The Mingering Mike story is incredible! I can see the comparison, though Mike’s project was far more personal and required real commitment. But I think your analysis is fair: it’s definitely a reaction to the world around me and what I can’t control, and at my most productive the urge is almost frantic.

I mentioned nostalgia before, and I think that’s really a technique for dealing with the unknown. In part, my creative work is a means of retreating from the present and entering an alternative space that I can control. I wasn’t conscious of this when I first started out exploring these ideas a few years ago, it was really a technical exercise to try to evoke a time and place through graphic design, which I think for the most part I was able to do. In doing so, I seem to have created another layer which produces a secondary feeling in some people. Maybe they feel a similar way to me, but to know you’ve made somebody feel something is a great feeling in itself!

I think any art, even an iPhone photo, is never just one thought, there’s always something else going on in there whether the artist is aware of it or not.

Do you have a favourite film or film director?

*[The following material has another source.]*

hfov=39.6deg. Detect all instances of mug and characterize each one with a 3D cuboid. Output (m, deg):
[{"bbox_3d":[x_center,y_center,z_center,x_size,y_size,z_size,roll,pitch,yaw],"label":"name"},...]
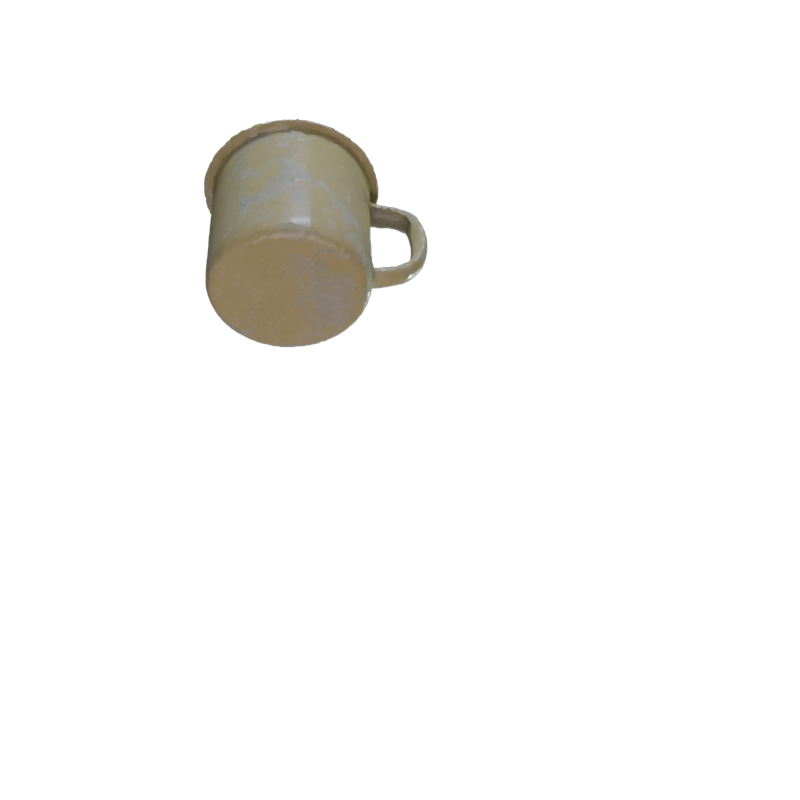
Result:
[{"bbox_3d":[-0.044,-0.080,0.564,0.116,0.088,0.087,6,44,-8],"label":"mug"}]

My favorite film is still Back To The Future. I was six when it came out and it had a huge impact on me culturally: the skateboard, the Walkman, the Nikes, Chuck Berry. My first concert was Huey Lewis & The News, mainly because of that film. It’s still the only film I saw at the cinema twice. But generally I love a lot of classic movies. My favorite directors are probably Hitchcock, Fellini and Almodovar.

What’s the last film you saw?

Last weekend I went to the Angelika in SoHo to see Won’t You Be My Neighbor?, a documentary about Fred Rogers, a beloved children’s TV personality whose PBS show ran for over thirty years. I didn’t know that much about him since we didn’t get his show in the UK (or if we did at least I never saw it) but my wife was an avid viewer as a child.

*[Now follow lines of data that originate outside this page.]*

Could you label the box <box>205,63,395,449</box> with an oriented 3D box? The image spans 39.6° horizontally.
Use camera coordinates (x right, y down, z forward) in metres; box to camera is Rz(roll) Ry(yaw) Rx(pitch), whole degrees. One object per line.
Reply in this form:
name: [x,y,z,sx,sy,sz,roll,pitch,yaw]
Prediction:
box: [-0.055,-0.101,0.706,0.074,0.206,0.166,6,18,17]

Has a recent or current movie poster (or movie itself) made an impression on you visually, creatively?

I loved the posters for Moonlight and Get Out (the films were both memorable as well). In general I think commercial movie poster design has raised its game now that competing streaming services like Netflix have begun creating their own content. Or at least it seems that way by the number of striking, well-executed posters I see these days. I also think viewers and the public are more design-conscious and discerning. That was something I was aware of when designing posters that feel like the past: I didn’t want them to look too slick or sophisticated. I had to adopt a sort of faux-naivete.


Do you collect movie posters?

Not actively, but I do have a Swedish 8 1/2 poster. I bought a giant All About My Mother poster when I was a student in Italy but there currently isn’t room for it in my apartment!

What’s next in terms of work?

I always have several half-ideas swirling around so I’ll see which of those float to the surface next. Though I never really know what’s going to turn into something when I start it. I’ve started many projects that seemed like good ideas and ended up being nothing, which is good because it frees the mind for those that could be something. So I guess working is literally a means of clearing my head!


Lastly, I must ask – as a Burnley fan – which moment would you choose to immortalise from Leicester City’s successful Premiership-winning campaign – and which film would you pay homage to?

As a Leicester fan I couldn’t not include the greatest sporting miracle of all time! I imagined a Roman epic starring Claudio Ranieri (who actually hails from Rome). The title is ‘I, Claudio’, which is a reference to I, Claudius.